In our study, we used both hybrid, statistic-based IR (ASIR) and full knowledge-based IR (MBIR) algorithms to help compensate for the increased image noise in 80 kVp scanning. Although the hybrid IR technique was also able to significantly reduce the image noise on CT compared with FBP reconstruction, a certain amount of image noise and artifacts remained. Such remnant image noise may have been responsible for the intermediate image quality observed with the 80 kVp ASIR setting. On the other hand, full IR was observed to further decrease image noise, generating virtually noise-free images. Knowledge-based full IR is a new algorithm, which unlike previous IR algorithms, does not involve blending with FBP images, and although it may be mathematically more complex, it is also more accurate [
9-
11]. The knowledge-based approach accurately determines data, image statistics, and system models, which depict the geometry and physical characteristics of the CT scanner. Owing to its computational complexity, the full IR algorithm requires somewhat longer reconstruction times [
9-
11], however, with continued rapid improvement in computer hardware, a reduction in reconstruction times can be expected. With the superior results demonstrated with MBIR in this study as well as in previous studies [
9-
11], removing this limitation of reconstruction time may eventually enable the replacement of ASIR with knowledge-based IR in the near future.

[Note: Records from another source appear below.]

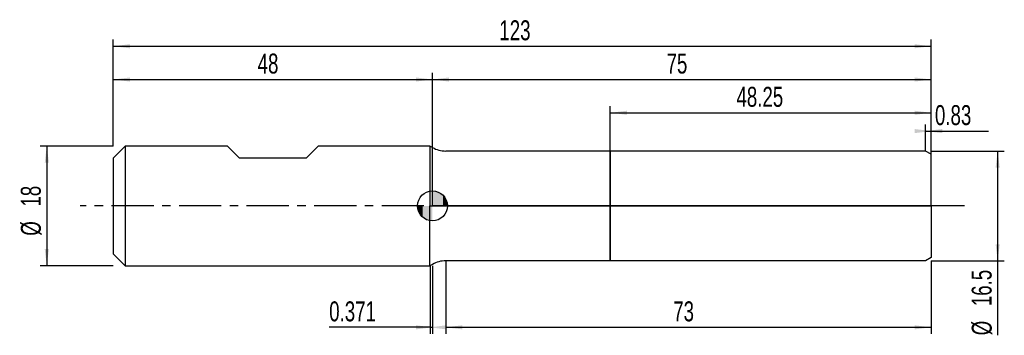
# Model space of a CAD drawing. Extents: x -14 to 134, y -19 to 28.
import ezdxf
from ezdxf.enums import TextEntityAlignment as Align

# ---------------------------------------------------------------- set-up
doc = ezdxf.new("R2010")
doc.units = 0
doc.linetypes.add('CENTER', pattern=[10.16, 6.35, -1.27, 1.27, -1.27])
doc.layers.get('0').update_dxf_attribs({"linetype": 'CONTINUOUS'})
for name, color, linetype in [('1', 4, 'CONTINUOUS'), ('2', 7, 'CONTINUOUS'), ('4', 2, 'CENTER'), ('CUT', 1, 'CONTINUOUS'), ('NOCUT', 7, 'CONTINUOUS'), ('SK1', 4, 'CONTINUOUS'), ('SK2', 7, 'CONTINUOUS'), ('SK4', 2, 'CENTER')]:
    doc.layers.add(name, color=color, linetype=linetype)
doc.dimstyles.new('SLDDIMSTYLE0', dxfattribs={"dimtxt": 3, "dimasz": 2.5, "dimexe": 0, "dimexo": 0.0625, "dimgap": 0.75, "dimtad": 1, "dimrnd": 1e-09, "dimzin": 12, "dimsah": 1, "dimcen": 0.09, "dimazin": 3, "dimtfac": 1, "dimtofl": 0, "dimtmove": 0, "dimatfit": 3})
doc.dimstyles.new('SLDDIMSTYLE1', dxfattribs={"dimtxt": 3, "dimasz": 2.5, "dimexe": 0, "dimexo": 0.0625, "dimgap": 0.75, "dimtad": 1, "dimrnd": 1e-09, "dimsah": 1, "dimcen": 0.09, "dimazin": 3, "dimtfac": 1, "dimtofl": 0, "dimtmove": 0, "dimatfit": 3})

# ---------------------------------------------------------------- blocks, each defined once
blk = doc.blocks.new('_D')
at = {"layer": '2'}
for p, q in [((50, -8.25), (50, -19.25)), ((123, -8.25), (123, -19.25)), ((50, -18.25), (123, -18.25))]:
    blk.add_line(p, q, dxfattribs=at)
for points in [[(50, -18.25), (52.5, -18.56), (52.5, -17.94)], [(123, -18.25), (120.5, -17.94), (120.5, -18.56)]]:
    blk.add_solid(points, dxfattribs=at)
at = {"layer": '2', "width": 0.7}
blk.add_text('73', height=3, dxfattribs=at).set_placement((84.21, -18.25), align=Align.BOTTOM_LEFT)
blk = doc.blocks.new('_D_1')
at = {"layer": '2'}
for p, q in [((123, 8.25), (134, 8.25)), ((133, 8.25), (133, -8.25)), ((123, -8.25), (134, -8.25)), ((133, -8.25), (133, -19.45))]:
    blk.add_line(p, q, dxfattribs=at)
for points in [[(133, 8.25), (132.69, 5.75), (133.31, 5.75)], [(133, -8.25), (133.31, -5.75), (132.69, -5.75)]]:
    blk.add_solid(points, dxfattribs=at)
at = {"layer": '2', "width": 0.7}
for s, p in [('16.5', (132.99, -15.07)), ('%%c', (133, -19.45))]:
    blk.add_text(s, height=3, rotation=90, dxfattribs=at).set_placement(p, align=Align.BOTTOM_LEFT)
blk = doc.blocks.new('_D_2')
at = {"layer": '2'}
for p, q in [((47.63, -9), (47.63, -19.25)), ((48, -9), (48, -19.25)), ((47.63, -18.25), (32.47, -18.25)), ((47.63, -18.25), (48, -18.25))]:
    blk.add_line(p, q, dxfattribs=at)
for points in [[(48, -18.25), (45.5, -17.94), (45.5, -18.56)], [(47.63, -18.25), (50.13, -18.56), (50.13, -17.94)]]:
    blk.add_solid(points, dxfattribs=at)
at = {"layer": '2', "width": 0.7}
blk.add_text('0.371', height=3, dxfattribs=at).set_placement((32.47, -18.25), align=Align.BOTTOM_LEFT)
blk = doc.blocks.new('_D_3')
at = {"layer": '2'}
for p, q in [((74.75, 8.25), (74.75, 15)), ((123, 8.25), (123, 15)), ((74.75, 14), (123, 14))]:
    blk.add_line(p, q, dxfattribs=at)
for points in [[(74.75, 14), (77.25, 13.69), (77.25, 14.31)], [(123, 14), (120.5, 14.31), (120.5, 13.69)]]:
    blk.add_solid(points, dxfattribs=at)
at = {"layer": '2', "width": 0.7}
blk.add_text('48.25', height=3, dxfattribs=at).set_placement((93.72, 14), align=Align.BOTTOM_LEFT)
blk = doc.blocks.new('_D_4')
at = {"layer": '2'}
for p, q in [((122.17, 8.25), (122.17, 12.25)), ((123, 8.25), (123, 12.25)), ((122.17, 11.25), (123, 11.25)), ((123, 11.25), (131.6, 11.25))]:
    blk.add_line(p, q, dxfattribs=at)
for points in [[(123, 11.25), (120.5, 11.56), (120.5, 10.94)], [(122.17, 11.25), (124.67, 10.94), (124.67, 11.56)]]:
    blk.add_solid(points, dxfattribs=at)
at = {"layer": '2', "width": 0.7}
blk.add_text('0.83', height=3, dxfattribs=at).set_placement((123.57, 11.25), align=Align.BOTTOM_LEFT)
blk = doc.blocks.new('_D_5')
at = {"layer": 'SK2'}
for p, q in [((0, 9), (0, 25)), ((0, 24), (123, 24)), ((123, 9), (123, 25))]:
    blk.add_line(p, q, dxfattribs=at)
for points in [[(0, 24), (2.5, 23.69), (2.5, 24.31)], [(123, 24), (120.5, 24.31), (120.5, 23.69)]]:
    blk.add_solid(points, dxfattribs=at)
at = {"layer": 'SK2', "width": 0.7}
blk.add_text('123', height=3, dxfattribs=at).set_placement((58.06, 24), align=Align.BOTTOM_LEFT)
blk = doc.blocks.new('_D_6')
at = {"layer": 'SK2'}
for p, q in [((0, 9), (0, 20)), ((48, 9), (48, 20)), ((0, 19), (48, 19))]:
    blk.add_line(p, q, dxfattribs=at)
for points in [[(0, 19), (2.5, 18.69), (2.5, 19.31)], [(48, 19), (45.5, 19.31), (45.5, 18.69)]]:
    blk.add_solid(points, dxfattribs=at)
at = {"layer": 'SK2', "width": 0.7}
blk.add_text('48', height=3, dxfattribs=at).set_placement((21.71, 19), align=Align.BOTTOM_LEFT)
blk = doc.blocks.new('_D_7')
at = {"layer": 'SK2'}
for p, q in [((48, 0), (48, 20)), ((123, 0), (123, 20)), ((48, 19), (123, 19))]:
    blk.add_line(p, q, dxfattribs=at)
for points in [[(48, 19), (50.5, 18.69), (50.5, 19.31)], [(123, 19), (120.5, 19.31), (120.5, 18.69)]]:
    blk.add_solid(points, dxfattribs=at)
at = {"layer": 'SK2', "width": 0.7}
blk.add_text('75', height=3, dxfattribs=at).set_placement((83.21, 19), align=Align.BOTTOM_LEFT)
blk = doc.blocks.new('_D_8')
at = {"layer": 'SK2'}
for p, q in [((0, 9), (-11, 9)), ((-10, 9), (-10, -9)), ((0, -9), (-11, -9))]:
    blk.add_line(p, q, dxfattribs=at)
for points in [[(-10, 9), (-10.31, 6.5), (-9.69, 6.5)], [(-10, -9), (-9.69, -6.5), (-10.31, -6.5)]]:
    blk.add_solid(points, dxfattribs=at)
at = {"layer": 'SK2', "width": 0.7}
for s, p in [('18', (-10.01, -0.1)), ('%%c', (-10, -4.48))]:
    blk.add_text(s, height=3, rotation=90, dxfattribs=at).set_placement(p, align=Align.BOTTOM_LEFT)
blk = doc.blocks.new('*U11')
at = {"color": 0, "linetype": 'CONTINUOUS'}
for points in [[(0, 0), (0, 2.25), (0.44, 0)], [(0.44, 0), (0, 2.25), (0.44, 2.21)], [(0.44, 0), (0.44, 2.21), (0.86, 0)], [(0.86, 0), (0.44, 2.21), (0.86, 2.08)], [(0.86, 0), (0.86, 2.08), (1.25, 0)], [(1.25, 0), (0.86, 2.08), (1.25, 1.87)], [(1.25, 0), (1.25, 1.87), (1.59, 0)], [(1.59, 0), (1.25, 1.87), (1.59, 1.59)], [(1.59, 0), (1.59, 1.59), (1.87, 0)], [(1.87, 0), (1.59, 1.59), (1.87, 1.25)], [(1.87, 0), (1.87, 1.25), (2.08, 0)], [(2.08, 0), (1.87, 1.25), (2.08, 0.86)], [(2.08, 0), (2.08, 0.86), (2.21, 0)], [(2.21, 0), (2.08, 0.86), (2.21, 0.44)], [(2.21, 0), (2.21, 0.44), (2.25, 0)]]:
    blk.add_solid(points, dxfattribs=at)
blk = doc.blocks.new('*U12')
at = {"color": 0, "linetype": 'CONTINUOUS'}
for points in [[(-2.22, -0.39), (-2.25, 0), (-2.22, 0)], [(-2.22, -0.39), (-2.22, 0), (-2.11, -0.77)], [(-2.11, -0.77), (-2.22, 0), (-2.11, 0)], [(-2.11, -0.77), (-2.11, 0), (-1.95, -1.12)], [(-1.95, -1.12), (-2.11, 0), (-1.95, 0)], [(-1.95, -1.12), (-1.95, 0), (-1.72, -1.45)], [(-1.72, -1.45), (-1.95, 0), (-1.72, 0)], [(-1.72, -1.45), (-1.72, 0), (-1.45, -1.72)], [(-1.45, -1.72), (-1.72, 0), (-1.45, 0)], [(-1.45, -1.72), (-1.45, 0), (-1.12, -1.95)], [(-1.12, -1.95), (-1.45, 0), (-1.12, 0)], [(-1.12, -1.95), (-1.12, 0), (-0.77, -2.11)], [(-0.77, -2.11), (-1.12, 0), (-0.77, 0)], [(-0.77, -2.11), (-0.77, 0), (-0.39, -2.22)], [(-0.39, -2.22), (-0.77, 0), (-0.39, 0)], [(-0.39, -2.22), (-0.39, 0), (0, -2.25)], [(0, -2.25), (-0.39, 0), (0, 0)]]:
    blk.add_solid(points, dxfattribs=at)
blk = doc.blocks.new('SW_DOWELSYMBOL_0')
at = {"layer": 'SK1', "color": 0}
blk.add_circle((0, 0), 2.25, dxfattribs=at)
at = {"color": 0, "linetype": 'CONTINUOUS'}
for name in ['*U11', '*U12']:
    blk.add_blockref(name, (0, 0), dxfattribs=at)

msp = doc.modelspace()

# ---------------------------------------------------------------- linework, layer by layer
at = {"layer": '1'}
for p, q in [((48, 8.786), (47.629, 9)), ((47.629, 9), (47.629, 0)), ((74.75, 8.25), (50, 8.25)), ((122.17, 8.25), (74.75, 8.25)), ((74.75, 8.25), (74.75, 0)), ((74.75, 0), (74.75, 8.25)), ((123, 7.771), (122.17, 8.25)), ((123, 0), (123, 7.771)), ((47.629, -9), (47.629, 0)), ((74.75, -8.25), (74.75, 0)), ((74.75, 0), (74.75, -8.25)), ((123, 0), (123, -7.771)), ((48, -8.786), (47.629, -9)), ((74.75, -8.25), (50, -8.25)), ((122.17, -8.25), (74.75, -8.25)), ((123, -7.771), (122.17, -8.25))]:
    msp.add_line(p, q, dxfattribs=at)
for centre, start, end in [((50, 12.25), 240, 270), ((50, -12.25), 90, 120)]:
    msp.add_arc(centre, 4, start, end, dxfattribs=at)
at = {"layer": '4'}
msp.add_line((123, 0), (48, 0), dxfattribs=at)
at = {"layer": 'CUT'}
for p, q in [((122.17, 8.25), (74.75, 8.25)), ((74.75, 8.25), (74.75, 0)), ((123, 7.771), (122.17, 8.25)), ((123, 0), (123, 7.771)), ((74.75, 0), (123, 0))]:
    msp.add_line(p, q, dxfattribs=at)
at = {"layer": 'NOCUT'}
for p, q in [((48, 8.786), (47.629, 9)), ((47.629, 9), (47.629, 0)), ((74.75, 8.25), (50, 8.25)), ((74.75, 0), (74.75, 8.25)), ((47.629, 0), (74.75, 0))]:
    msp.add_line(p, q, dxfattribs=at)
msp.add_arc((50, 12.25), 4, 240, 270, dxfattribs=at)
at = {"layer": 'SK1'}
for p, q in [((1.8, 9), (0, 7.2)), ((17.2, 9), (1.8, 9)), ((1.8, 9), (1.8, -9)), ((19, 7.2), (17.2, 9)), ((30.8, 9), (29, 7.2)), ((47.629, 9), (30.8, 9)), ((0, 7.2), (0, 0)), ((29, 7.2), (19, 7.2)), ((0, 0), (0, -7.2)), ((0, -7.2), (1.8, -9)), ((1.8, -9), (47.629, -9))]:
    msp.add_line(p, q, dxfattribs=at)
msp.add_circle((48, 0), 2.25, dxfattribs=at)
at = {"layer": 'SK4'}
msp.add_line((128, 0), (-5, 0), dxfattribs=at)

# ---------------------------------------------------------------- block references
at = {"layer": 'SK1'}
msp.add_blockref('SW_DOWELSYMBOL_0', (48, 0), dxfattribs=at)

# ---------------------------------------------------------------- texts
at = {"layer": 'SK2', "width": 0.7}
msp.add_text('AP1', height=0.05, dxfattribs=at).set_placement((48, -0.018), align=Align.BOTTOM_LEFT)

# ---------------------------------------------------------------- dimensions: what is measured, and where the dimension line sits
at = {"layer": '2'}
for base, p1, p2, dimstyle, picture, middle in [((123, 14), (74.75, 8.25), (123, 8.25), 'SLDDIMSTYLE0', '_D_3', (98.875, 14)), ((123, 11.25), (122.17, 8.25), (123, 8.25), 'SLDDIMSTYLE1', '_D_4', (127.585, 11.25)), ((123, -18.25), (50, -8.25), (123, -8.25), 'SLDDIMSTYLE0', '_D', (86.5, -18.25)), ((48, -18.25), (47.629, -9), (48, -9), 'SLDDIMSTYLE1', '_D_2', (37.629, -18.25))]:
    dim = msp.add_linear_dim(base=base, p1=p1, p2=p2, dimstyle=dimstyle, dxfattribs=at)
    dim.commit()
    dim.dimension.update_dxf_attribs({"geometry": picture, "text_midpoint": middle, "dimtype": 160})
dim = msp.add_linear_dim(base=(133, -8.25), p1=(123, 8.25), p2=(123, -8.25), angle=90, text='%%c<>', dimstyle='SLDDIMSTYLE0', dxfattribs=at)
dim.commit()
dim.dimension.update_dxf_attribs({"geometry": '_D_1', "text_midpoint": (133, -13.25), "dimtype": 160})
at = {"layer": 'SK2'}
for base, p1, p2, picture, middle in [((123, 24), (0, 9), (123, 9), '_D_5', (61.5, 24)), ((48, 19), (0, 9), (48, 9), '_D_6', (24, 19)), ((123, 19), (48, 0), (123, 0), '_D_7', (85.5, 19))]:
    dim = msp.add_linear_dim(base=base, p1=p1, p2=p2, dimstyle='SLDDIMSTYLE0', dxfattribs=at)
    dim.commit()
    dim.dimension.update_dxf_attribs({"geometry": picture, "text_midpoint": middle, "dimtype": 160})
dim = msp.add_linear_dim(base=(-10, -9), p1=(0, 9), p2=(0, -9), angle=90, text='%%c<>', dimstyle='SLDDIMSTYLE0', dxfattribs=at)
dim.commit()
dim.dimension.update_dxf_attribs({"geometry": '_D_8', "text_midpoint": (-10, 0), "dimtype": 160})

doc.saveas('drawing.dxf')

Our study has several limitations. First, while the TNBSA-induced IBD model is advantageous in terms of its high success rate, it does not fully reflect all disease states from acute to chronic in patients with IBD. However, as we had initially planned to establish an acute IBD model, establishing the full disease spectrum was beyond the scope of our current study. In addition, although our purpose was to examine IBD, inflammation is limited to the colon and does not model small bowel involvement. However, since the mechanism of acute inflammation is mediated through the same cascade in different organs, we can expect similar results for small bowel inflammation imaging. Second, an animal study cannot truly represent a human study with different body sizes and body compositions. Considering that radiation dose is highly dependent on body habitus, our study results cannot be directly applicable to human subjects. Third, we only analyzed CT images obtained from a single-vendor CT scanner whose IR algorithms may not be the same as those of other CT scanners available from different vendors. According to a recent article by Löve et al. [
12], although most IR algorithms have been shown to improve image quality and reduce image noise, different IR algorithms by different CT vendors have their own strengths and weaknesses. Therefore, our results may not be directly applicable to other IR algorithms of different CT scanners.
In conclusion, ultra-low dose 80 kVp CT is not feasible using the standard FBP algorithm. However, with the application of IR algorithms, the diagnostic performance of 80 kVp CT was acceptable in a rabbit IBD model and on par with that reconstructed with conventional 120 kVp FBP.